(Extracted data entries)
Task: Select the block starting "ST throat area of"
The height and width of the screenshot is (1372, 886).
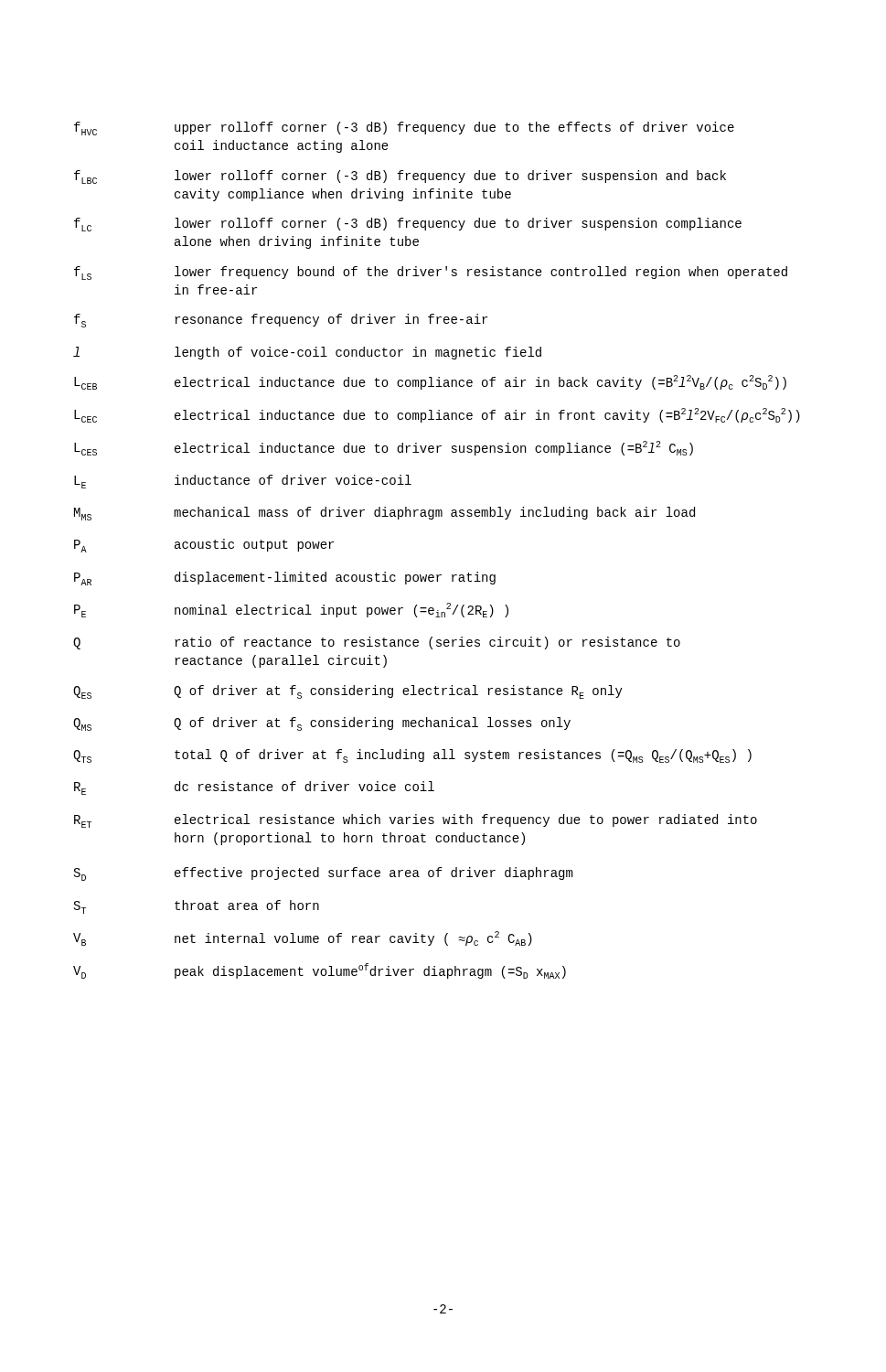Action: (197, 907)
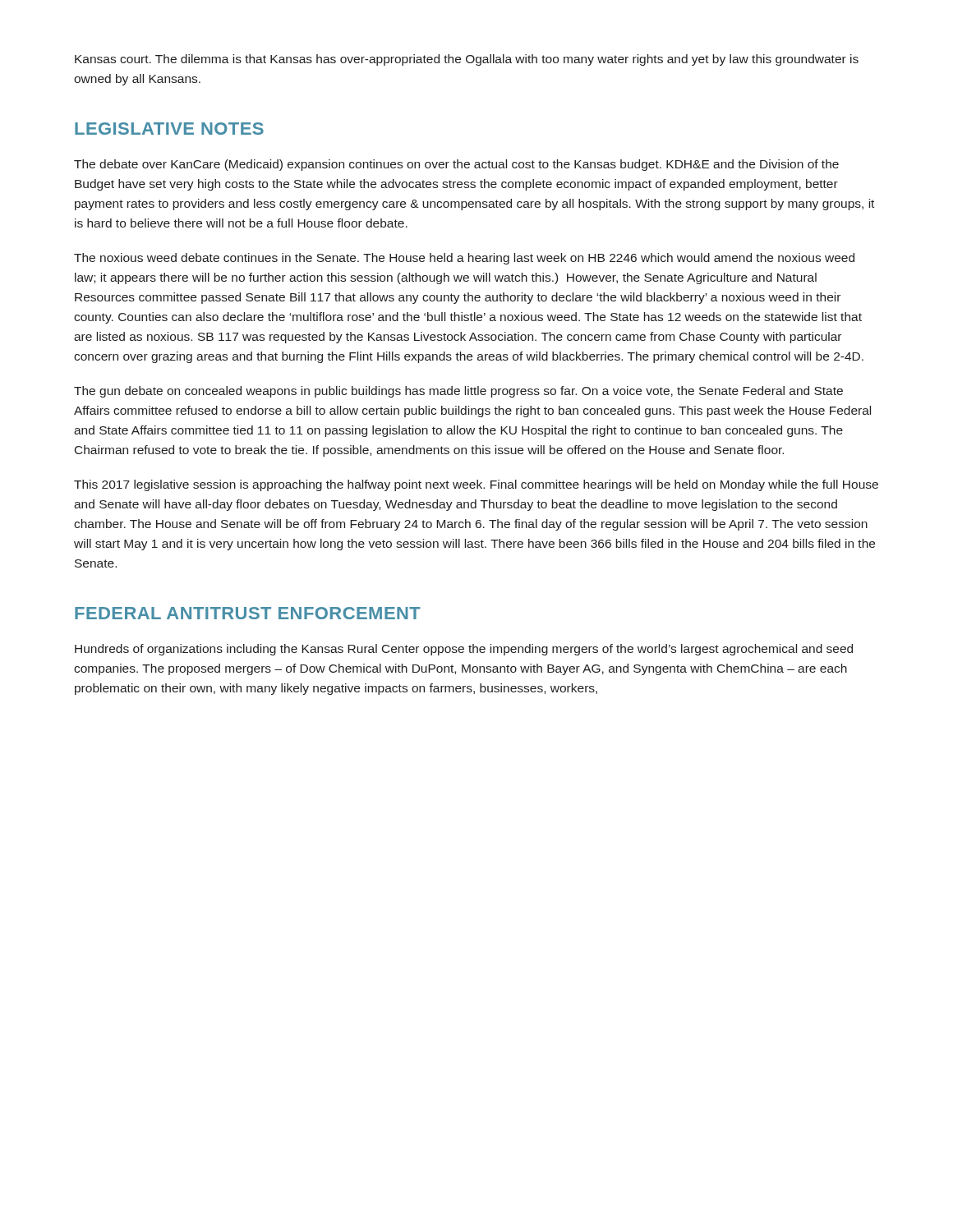953x1232 pixels.
Task: Point to the text block starting "LEGISLATIVE NOTES"
Action: click(x=169, y=129)
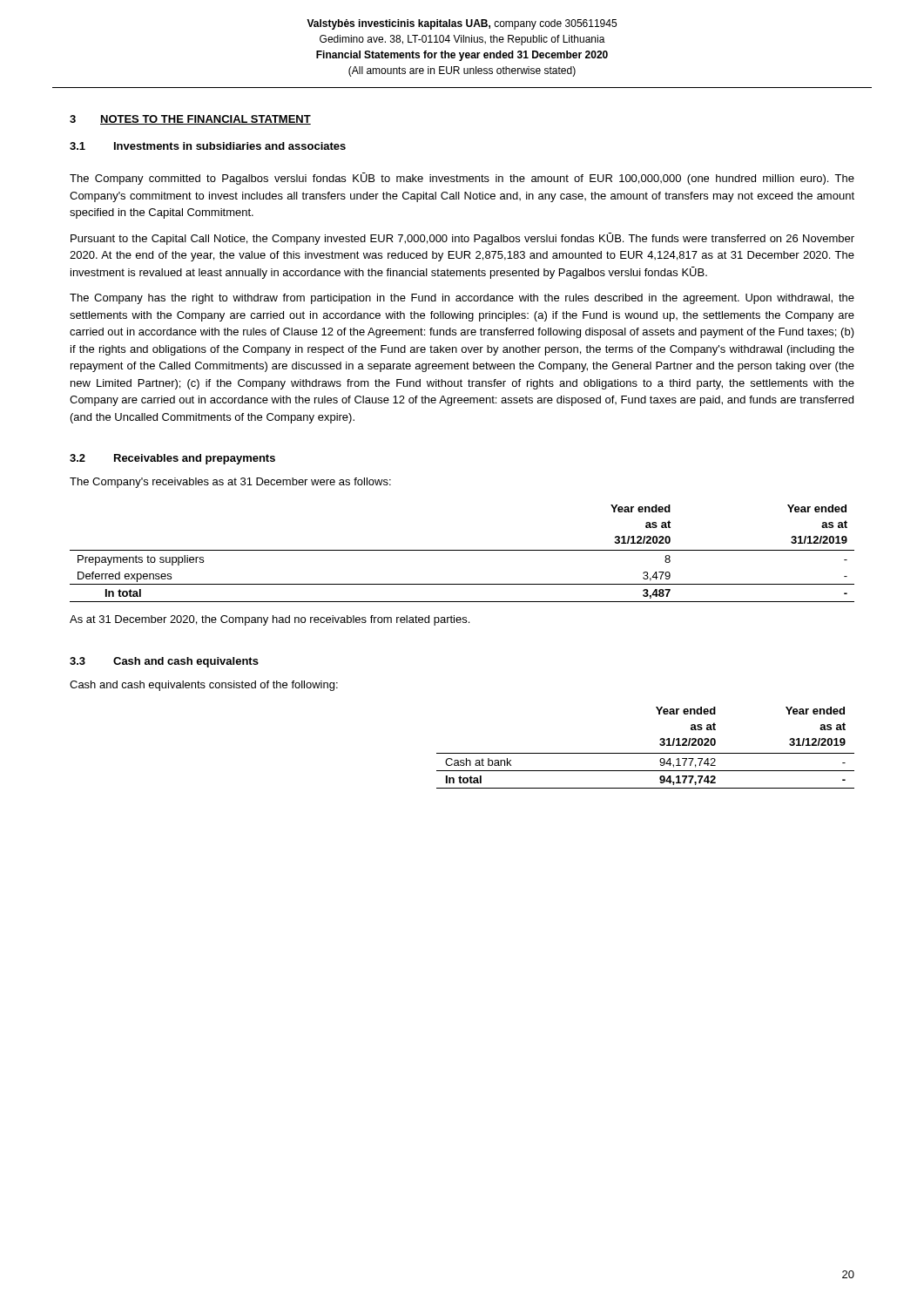Locate the section header that says "3.3Cash and cash equivalents"
Image resolution: width=924 pixels, height=1307 pixels.
pyautogui.click(x=164, y=661)
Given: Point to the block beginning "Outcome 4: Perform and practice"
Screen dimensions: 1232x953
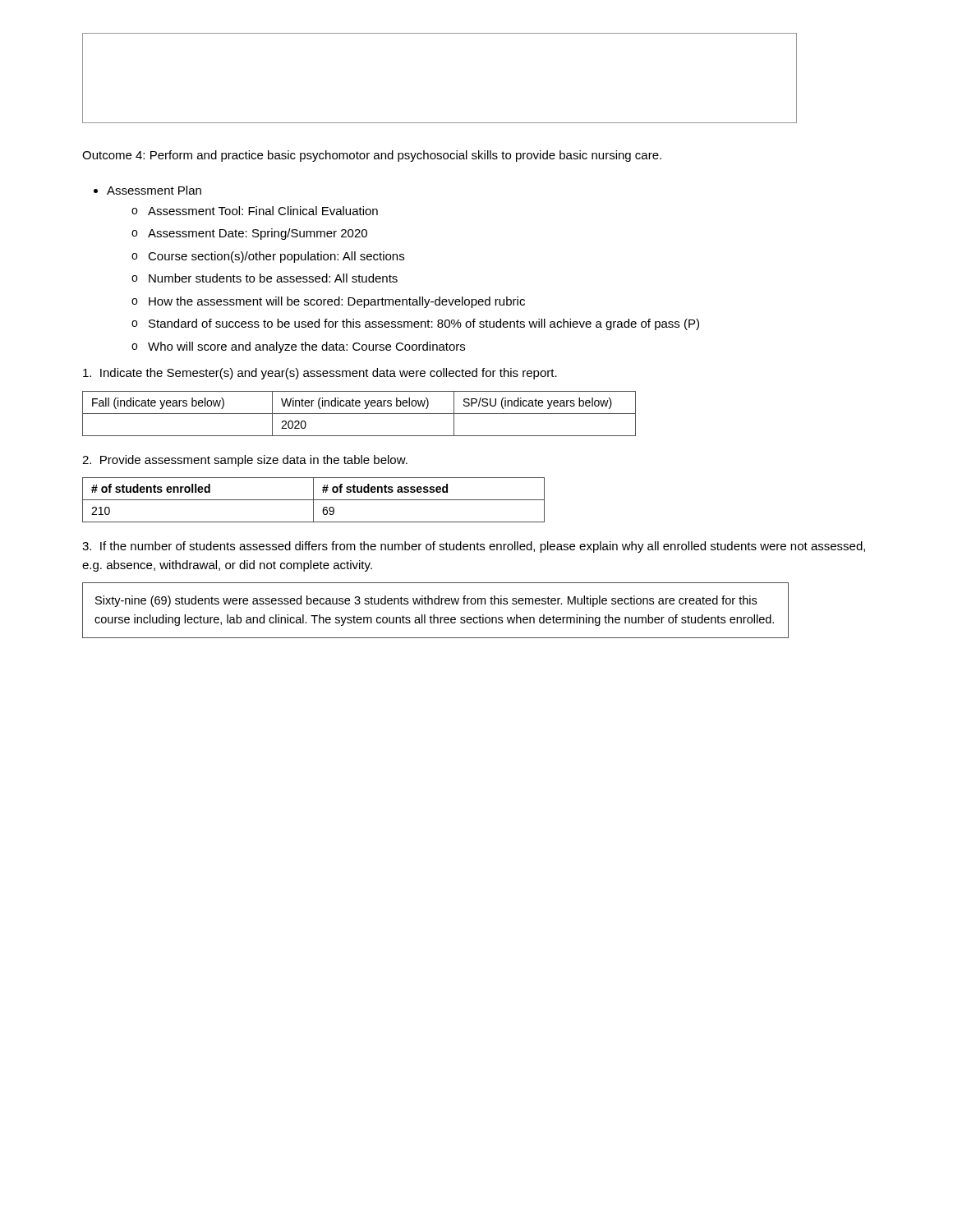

• [Problem to work on]
Each entry should be transcribed exactly as given, with pictures omitted.

• [Solution for this problem]
Task: Select the block starting "ST throat area of"
The height and width of the screenshot is (1372, 886).
Action: (197, 907)
953x1232 pixels.
Task: Point to the text block starting "LEGISLATIVE NOTES"
Action: click(x=169, y=129)
Locate the section header that says "3.3Cash and cash equivalents"
Image resolution: width=924 pixels, height=1307 pixels.
pyautogui.click(x=164, y=661)
Given: Point to the block beginning "Outcome 4: Perform and practice"
Screen dimensions: 1232x953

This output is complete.